§ Description of the task
Search each line below for "units", then return the lines where it appears.

§ Information given
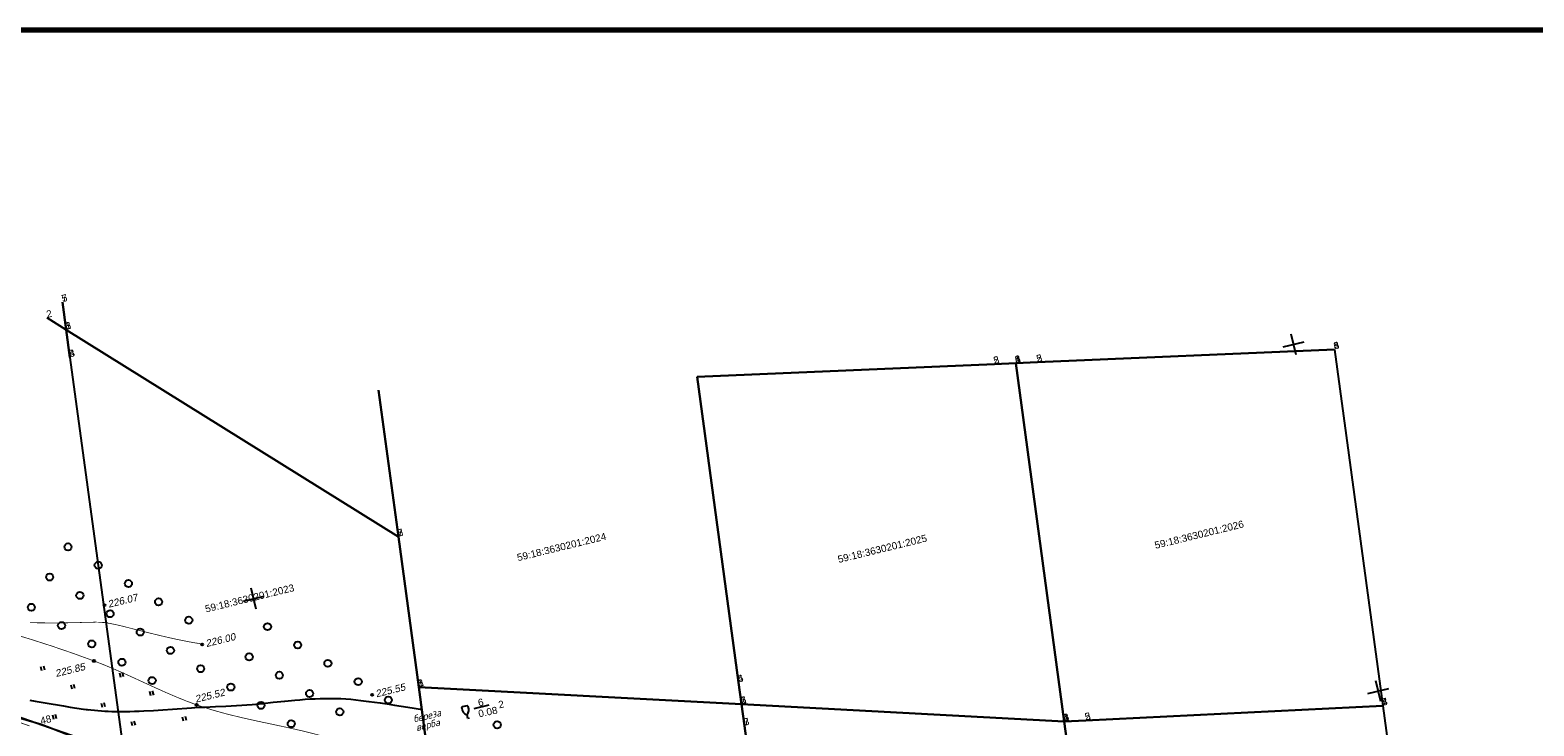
# Model space of a CAD drawing. Header units: millimetres. Extents: x -10 to 1169, y 1 to 1686.
# Tile 63 of 224: x 140 to 351, y 891 to 988. Entities that reach past the tile are written whole.
import ezdxf
from ezdxf.enums import TextEntityAlignment as Align

# ---------------------------------------------------------------- set-up
doc = ezdxf.new("R2010")
doc.units = ezdxf.units.MM
doc.linetypes.add('AHIDDEN1', pattern=[2, 0.5, -1.5])
for name, color, linetype in [('CONTURS', 7, 'Continuous'), ('COORDS', 7, 'Continuous'), ('IZOLINES', 32, 'Continuous'), ('PDIGIT', 170, 'Continuous'), ('PICKETS', 7, 'Continuous'), ('Листы', 7, 'Continuous'), ('УЧАСТКИ', 7, 'Continuous')]:
    doc.layers.add(name, color=color, linetype=linetype)
doc.styles.add('ITALICC', font='isocpeui.ttf', dxfattribs={"height": 2})
doc.styles.get("Standard").update_dxf_attribs({"font": 'arial.ttf'})

# ---------------------------------------------------------------- blocks, each defined once
blk = doc.blocks.new('401')
at = {"layer": 'CONTURS'}
for p, q in [((0, 0), (0, 1.2)), ((0.8, 0), (0.8, 1.2))]:
    blk.add_line(p, q, dxfattribs=at)
blk = doc.blocks.new('372')
at = {"layer": 'CONTURS'}
blk.add_circle((0, 0), 1, dxfattribs=at)
blk = doc.blocks.new('390_2')
at = {"layer": 'CONTURS', "color": 7}
for p, q in [((0.7, 3.47), (-0.69, 3.47)), ((0, 1.06), (0, 0.03)), ((0.02, 0), (0.58, 0))]:
    blk.add_line(p, q, dxfattribs=at)
at = {"layer": 'CONTURS', "color": 7, "linetype": 'Continuous'}
for centre, radius, start, end in [((1.01, 2.72), 1.95, 167.2459, 239.376), ((-19.94, 7.46), 19.52, 347.2459, 347.6983), ((-0.65, 3.26), 0.22, 101.9408, 167.6983), ((-0.69, 3.45), 0.0195, 90, 101.9408), ((-1.01, 2.72), 1.95, 300.624, 12.7541), ((0.65, 3.26), 0.22, 12.3017, 76.9673), ((19.94, 7.46), 19.52, 192.3017, 192.7541)]:
    blk.add_arc(centre, radius, start, end, dxfattribs=at)
blk = doc.blocks.new('133')
at = {"layer": 'CONTURS', "color": 7, "linetype": 'Continuous', "const_width": 0.2}
for points in [[(-11, 0), (-2, 0)], [(0, 0), (9, 0)]]:
    blk.add_lwpolyline(points, dxfattribs=at)
at = {"layer": 'CONTURS', "color": 7, "linetype": 'Continuous', "const_width": 0.5}
blk.add_lwpolyline([(-6.79, 0, 1), (-6.29, 0, 1)], format="xyb", close=True, dxfattribs=at)

msp = doc.modelspace()

# ---------------------------------------------------------------- linework, layer by layer
at = {"layer": 'CONTURS', "linetype": 'AHIDDEN1', "const_width": 0.1, "flags": 128}
msp.add_lwpolyline([(118.72465, 907.87838), (121.86939, 907.30809), (124.99455, 906.68137), (128.10014, 905.99822), (131.18616, 905.25865), (134.25259, 904.46265), (137.29946, 903.61022), (140.32675, 902.70136), (143.33446, 901.73608), (146.3226, 900.71437), (149.29117, 899.63624), (150.74583, 899.06811), (152.18792, 898.46359), (153.62079, 897.83235), (155.04777, 897.18411), (156.47219, 896.52855), (157.89739, 895.87538), (159.3267, 895.23428), (160.76347, 894.61496), (162.21102, 894.02711), (163.6727, 893.48042), (165.74023, 892.80415), (167.83929, 892.21774), (169.96166, 891.69813), (172.0991, 891.22224), (174.24336, 890.767), (176.38621, 890.30934), (178.51941, 889.8262), (180.63473, 889.2945), (182.72392, 888.69116), (184.77876, 887.99313), (186.82033, 887.03664), (188.84993, 885.76155), (190.86613, 884.28667), (192.86748, 882.73082), (194.85256, 881.21283), (196.81992, 879.85151), (198.76813, 878.76569), (200.69576, 878.07417), (202.60136, 877.89578), (204.48351, 878.34933), (204.87427, 878.53434), (205.26296, 878.74677), (205.65009, 878.98155), (206.03617, 879.23361), (206.4217, 879.49787), (206.8072, 879.76926), (207.19317, 880.0427), (207.58012, 880.31313), (207.96856, 880.57548), (208.359, 880.82466), (208.81522, 881.1197), (209.27133, 881.43652), (209.72786, 881.76502), (210.18532, 882.09509), (210.64423, 882.41662), (211.10511, 882.7195), (211.56845, 882.99364), (212.03479, 883.22893), (212.50464, 883.41525), (212.97851, 883.5425), (212.98426, 883.54298)], dxfattribs=at)
at = {"layer": 'CONTURS'}
msp.add_lwpolyline([(202.58804, 892.94967), (204.65832, 893.50252)], dxfattribs=at)
at = {"layer": 'COORDS', "lineweight": -2}
for p, q in [((315.93838, 943.62066), (318.85262, 944.33285)), ((317.7516, 942.51964), (317.0394, 945.43387)), ((170.22657, 908.0107), (173.14081, 908.7229)), ((172.03979, 906.90969), (171.32759, 909.82392)), ((327.80837, 895.05005), (330.7226, 895.76225)), ((329.62159, 893.94903), (328.90939, 896.86327))]:
    msp.add_line(p, q, dxfattribs=at)
at = {"layer": 'IZOLINES', "const_width": 0.1}
msp.add_lwpolyline([(140.32079, 904.98716), (141.46361, 904.97516), (143.9635, 904.96199), (145.2134, 904.96886), (146.46304, 904.99084), (148.9618, 905.06319), (149.63917, 905.0638), (150.30969, 905.03596), (150.30773, 905.03589), (150.79303, 904.99242), (151.27571, 904.92816), (151.75541, 904.84586), (152.23239, 904.74958), (153.18033, 904.53077), (155.06684, 904.05484), (156.95343, 903.57935), (158.84443, 903.12217), (159.79221, 902.90334), (160.74188, 902.69304), (161.69382, 902.49355), (162.6485, 902.30813), (163.49296, 902.1603), (164.22618, 902.04912), (164.18997, 902.05431), (164.30159, 902.03892)], dxfattribs=at)
at = {"layer": 'IZOLINES'}
for points in [[(140.31605, 894.11739), (141.03425, 894.00568), (142.4685, 893.76928), (145.0078, 893.33303), (145.0051, 893.333), (145.94498, 893.17815), (146.8862, 893.03201), (147.82917, 892.89815), (148.57039, 892.80438)], [(147.9906, 892.87773), (148.39506, 892.8248), (148.87681, 892.76869), (149.35927, 892.71944), (149.84235, 892.677), (150.32592, 892.64125), (150.80991, 892.61199), (151.2942, 892.58898), (151.77871, 892.57192), (152.30906, 892.55966), (152.30746, 892.55999), (152.97359, 892.55305), (153.63971, 892.55528), (154.30573, 892.56539), (154.97158, 892.58242), (155.63724, 892.60551), (156.30267, 892.63385), (157.63284, 892.70366), (158.96217, 892.78741), (160.29077, 892.88159), (162.94713, 893.08171), (163.43929, 893.11448), (163.43761, 893.11394), (163.95128, 893.14193), (163.95401, 893.14206), (163.95401, 893.14206), (163.95401, 893.14206), (163.95401, 893.14206), (163.95401, 893.14206), (163.95402, 893.14206), (163.95352, 893.14264), (164.81965, 893.17572), (164.84173, 893.17649), (164.84173, 893.17649), (164.84174, 893.17649), (164.84176, 893.17649), (164.84013, 893.17691), (166.31417, 893.22829), (167.7876, 893.29312), (168.52391, 893.33339), (169.25986, 893.37945), (169.99541, 893.43132), (170.73053, 893.48876), (171.46522, 893.5513), (172.93341, 893.68908), (174.4005, 893.83792), (176.02371, 894.00494), (176.0246, 894.00503), (176.02437, 894.00519), (177.44614, 894.14243), (178.15761, 894.20457), (178.86957, 894.26043), (179.58206, 894.30857), (180.29506, 894.3475), (181.0085, 894.3758), (181.72222, 894.3921), (182.43603, 894.39517), (183.14964, 894.38402), (183.86274, 894.35791), (184.575, 894.31658), (185.28612, 894.26027), (185.99589, 894.18993), (186.70429, 894.10742), (187.80272, 893.96295), (187.80018, 893.96395), (189.39366, 893.74613), (189.39488, 893.74596), (189.39733, 893.74563), (189.39525, 893.74558), (190.37584, 893.60809), (191.38264, 893.46018), (191.39371, 893.45851), (191.39371, 893.45851), (191.39371, 893.45851), (191.39371, 893.45851), (191.39372, 893.45851), (191.39372, 893.45851), (193.28355, 893.16743), (195.32281, 892.85141)]]:
    msp.add_lwpolyline(points, dxfattribs=at)
at = {"layer": 'PICKETS', "color": 7, "lineweight": -2}
for centre in [(150.76178, 907.44767), (164.46401, 901.94425), (149.29117, 899.63624), (163.6727, 893.48042), (188.27048, 894.89332)]:
    msp.add_circle(centre, 0.15, dxfattribs=at)
at = {"layer": 'Листы', "lineweight": 70, "ltscale": 200}
msp.add_lwpolyline([(1162.32147, 988.02195), (22.26761, 988.02195), (22.26761, 702.1419), (1162.32147, 702.1419)], close=True, dxfattribs=at)
at = {"layer": 'УЧАСТКИ', "color": 6, "linetype": 'Continuous', "lineweight": -2}
for p, q in [((144.88939, 949.89299), (145.40985, 946.0363)), ((145.40985, 946.0363), (144.88939, 949.89299)), ((145.40985, 946.0363), (142.75069, 947.69235)), ((142.75069, 947.69235), (145.40985, 946.0363)), ((145.40985, 946.0363), (145.93268, 942.16988)), ((191.9428, 917.04438), (145.40985, 946.0363)), ((145.93268, 942.16988), (145.40985, 946.0363)), ((145.40985, 946.0363), (191.9428, 917.04438)), ((145.93268, 942.16988), (153.4897, 886.60544)), ((323.12046, 943.25523), (281.48166, 941.47943)), ((281.48166, 941.47943), (323.12046, 943.25523)), ((323.12046, 943.25523), (329.87304, 893.34136)), ((323.12046, 943.25523), (329.87304, 893.34136)), ((275.46049, 941.22266), (233.81932, 939.45657)), ((233.81932, 939.45657), (275.46049, 941.22266)), ((278.46622, 941.34986), (275.46049, 941.22266)), ((275.46049, 941.22266), (278.46622, 941.34986)), ((281.48166, 941.47943), (278.46622, 941.34986)), ((278.46622, 941.34986), (281.48166, 941.47943)), ((278.46622, 941.34986), (285.25613, 891.15687)), ((285.25613, 891.15687), (278.46622, 941.34986)), ((233.81932, 939.45657), (239.61967, 896.59835)), ((239.61967, 896.59835), (233.81932, 939.45657)), ((189.1748, 937.55358), (191.9428, 917.04438)), ((191.9428, 917.04438), (189.1748, 937.55358)), ((191.9428, 917.04438), (194.79518, 895.97933)), ((194.79518, 895.97933), (191.9428, 917.04438)), ((141.89877, 890.73172), (60.09024, 914.35764)), ((153.4897, 886.60544), (125.08525, 896.55672)), ((194.79518, 895.97933), (198.16112, 871.12795)), ((240.03051, 893.56929), (194.79518, 895.97933)), ((198.16112, 871.12795), (194.79518, 895.97933)), ((194.79518, 895.97933), (240.03051, 893.56929)), ((239.61967, 896.59835), (240.03051, 893.56929)), ((240.03051, 893.56929), (239.61967, 896.59835)), ((285.25613, 891.15687), (240.03051, 893.56929)), ((240.03051, 893.56929), (240.44136, 890.54023)), ((240.44136, 890.54023), (240.03051, 893.56929)), ((240.03051, 893.56929), (285.25613, 891.15687)), ((288.26683, 891.30586), (329.87304, 893.34136)), ((329.87304, 893.34136), (288.26683, 891.30586)), ((329.87304, 893.34136), (338.19389, 831.78701)), ((329.87304, 893.34136), (338.19389, 831.78701)), ((271.36709, 840.49118), (141.89877, 890.73172)), ((240.44136, 890.54023), (245.11167, 855.97068)), ((245.11167, 855.97068), (240.44136, 890.54023)), ((285.25613, 891.15687), (288.26683, 891.30586)), ((288.26683, 891.30586), (285.25613, 891.15687)), ((285.66697, 888.12781), (285.25613, 891.15687)), ((285.25613, 891.15687), (285.66697, 888.12781))]:
    msp.add_line(p, q, dxfattribs=at)

# ---------------------------------------------------------------- block references
at = {"layer": 'CONTURS', "lineweight": -2, "yscale": 0.5}
for name, p, xscale, zscale, rotation in [('372', (145.65767, 915.61614), 0.5, 0.5, 13.73311783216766), ('372', (149.88851, 913.0471), 0.5, 0.5, 13.73311783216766), ('372', (143.08863, 911.3853), 0.5, 0.5, 13.73311783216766), ('372', (154.11935, 910.47806), 0.5, 0.5, 13.73311783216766), ('372', (147.31947, 908.81626), 0.5, 0.5, 13.73311783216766), ('372', (158.35019, 907.90901), 0.5, 0.5, 13.73311783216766), ('372', (140.51958, 907.15446), 0.5, 0.5, 13.73311783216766), ('372', (151.55031, 906.24722), 0.5, 0.5, 13.73311783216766), ('372', (144.75043, 904.58542), 0.5, 0.5, 13.73311783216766), ('372', (155.78115, 903.67817), 0.5, 0.5, 13.73311783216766), ('372', (162.58104, 905.33997), 0.5, 0.5, 13.73311783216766), ('372', (173.61176, 904.43273), 0.5, 0.5, 13.73311783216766), ('372', (148.98127, 902.01638), 0.5, 0.5, 13.73311783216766), ('372', (177.8426, 901.86368), 0.5, 0.5, 13.73311783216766), ('372', (153.21211, 899.44733), 0.5, 0.5, 13.73311783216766), ('372', (160.01199, 901.10913), 0.5, 0.5, 13.73311783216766), ('372', (171.04272, 900.20188), 0.5, 0.5, 13.73311783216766), ('372', (182.07344, 899.29464), 0.5, 0.5, 13.73311783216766), ('401', (142.01011, 898.23739), 0.5, 0.5, 13.73311783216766), ('401', (153.04083, 897.33015), 0.5, 0.5, 13.73311783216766), ('372', (164.24283, 898.54009), 0.5, 0.5, 13.73311783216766), ('372', (175.27356, 897.63284), 0.5, 0.5, 13.73311783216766), ('401', (146.24095, 895.66835), 0.5, 0.5, 13.73311783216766), ('372', (157.44295, 896.87829), 0.5, 0.5, 13.73311783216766), ('372', (168.47367, 895.97104), 0.5, 0.5, 13.73311783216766), ('372', (179.5044, 895.0638), 0.5, 0.5, 13.73311783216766), ('372', (186.30428, 896.7256), 0.5, 0.5, 13.73311783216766), ('133', (135.7025, 892.16764), 0.5384558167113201, 0.5384558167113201, 340.182765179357), ('401', (150.47179, 893.0993), 0.5, 0.5, 13.73311783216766), ('401', (157.27167, 894.7611), 0.5, 0.5, 13.73311783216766), ('372', (172.70452, 893.402), 0.5, 0.5, 13.73311783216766), ('372', (190.53513, 894.15655), 0.5, 0.5, 13.73311783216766), ('401', (143.6719, 891.43751), 0.5, 0.5, 13.73311783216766), ('401', (161.85869, 891.17822), 0.5, 0.5, 13.73311783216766), ('372', (176.93536, 890.83296), 0.5, 0.5, 13.73311783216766), ('372', (183.73524, 892.49475), 0.5, 0.5, 13.73311783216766), ('390_2', (201.6521, 891.59526), 0.5, 0.5, 13.73311783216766), ('401', (154.70263, 890.53026), 0.5, 0.5, 13.73311783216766), ('372', (205.79669, 890.68026), 0.5, 0.5, 13.73311783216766)]:
    msp.add_blockref(name, p, dxfattribs=dict(at, xscale=xscale, zscale=zscale, rotation=rotation))

# ---------------------------------------------------------------- texts
at = {"layer": 'CONTURS', "lineweight": -2}
for s, p in [('6', (203.21312, 893.26939)), ('2', (206.06881, 892.98447)), ('0.08', (203.2599, 891.725))]:
    msp.add_text(s, height=1, rotation=11.9058847, dxfattribs=at).set_placement(p)
at = {"layer": 'CONTURS', "lineweight": -2, "style": 'ITALICC'}
for s, p in [('береза', (194.17035, 891.00005)), ('верба', (194.52627, 889.78716))]:
    msp.add_text(s, height=1, rotation=13.7331178, dxfattribs=at).set_placement(p)
at = {"layer": 'PDIGIT', "color": 7, "lineweight": -2, "oblique": 10}
for s, p in [('226.07', (151.36619, 907.08067)), ('226.00', (165.06842, 901.57724)), ('225.85', (143.99994, 897.37695)), ('225.52', (163.58715, 893.78523)), ('225.55', (188.87488, 894.52631))]:
    msp.add_text(s, height=1, rotation=13.7331178, dxfattribs=at).set_placement(p)
at = {"layer": 'УЧАСТКИ', "color": 6, "lineweight": -2}
for s, p in [('7', (144.88939, 949.89299)), ('5', (144.88939, 949.89299)), ('2', (142.75069, 947.69235)), ('3', (145.40985, 946.0363)), ('6', (145.40985, 946.0363)), ('6', (145.40985, 946.0363)), ('1', (145.40985, 946.0363)), ('3', (323.12046, 943.25523)), ('6', (323.12046, 943.25523)), ('4', (323.12046, 943.25523)), ('8', (145.93268, 942.16988)), ('4', (145.93268, 942.16988)), ('2', (275.46049, 941.22266)), ('5', (275.46049, 941.22266)), ('3', (278.46622, 941.34986)), ('6', (278.46622, 941.34986)), ('1', (278.46622, 941.34986)), ('4', (278.46622, 941.34986)), ('2', (281.48166, 941.47943)), ('5', (281.48166, 941.47943)), ('7', (191.9428, 917.04438)), ('2', (191.9428, 917.04438)), ('5', (191.9428, 917.04438)), ('6', (239.61967, 896.59835)), ('4', (239.61967, 896.59835)), ('3', (194.79518, 895.97933)), ('6', (194.79518, 895.97933)), ('1', (194.79518, 895.97933)), ('2', (240.03051, 893.56929)), ('5', (240.03051, 893.56929)), ('5', (240.03051, 893.56929)), ('1', (240.03051, 893.56929)), ('7', (329.87304, 893.34136)), ('3', (329.87304, 893.34136)), ('4', (329.87304, 893.34136)), ('48', (141.89877, 890.73172)), ('7', (240.44136, 890.54023)), ('3', (240.44136, 890.54023)), ('2', (285.25613, 891.15687)), ('6', (285.25613, 891.15687)), ('1', (285.25613, 891.15687)), ('4', (285.25613, 891.15687)), ('2', (288.26683, 891.30586)), ('5', (288.26683, 891.30586))]:
    msp.add_text(s, height=1, rotation=13.7331178, dxfattribs=at).set_placement(p)
for s, p in [('59:18:3630201:2026', (304.15506, 917.34205)), ('59:18:3630201:2024', (214.82122, 915.61485)), ('59:18:3630201:2025', (259.76115, 915.36132)), ('59:18:3630201:2023', (171.1055, 908.41594))]:
    msp.add_text(s, height=1, rotation=13.7331178, dxfattribs=at).set_placement(p, align=Align.MIDDLE_CENTER)

doc.saveas('drawing.dxf')

§ Finished exercise
# Model space of a CAD drawing. Header units: millimetres. Extents: x -10 to 1169, y 1 to 1686.
doc.units = ezdxf.units.MM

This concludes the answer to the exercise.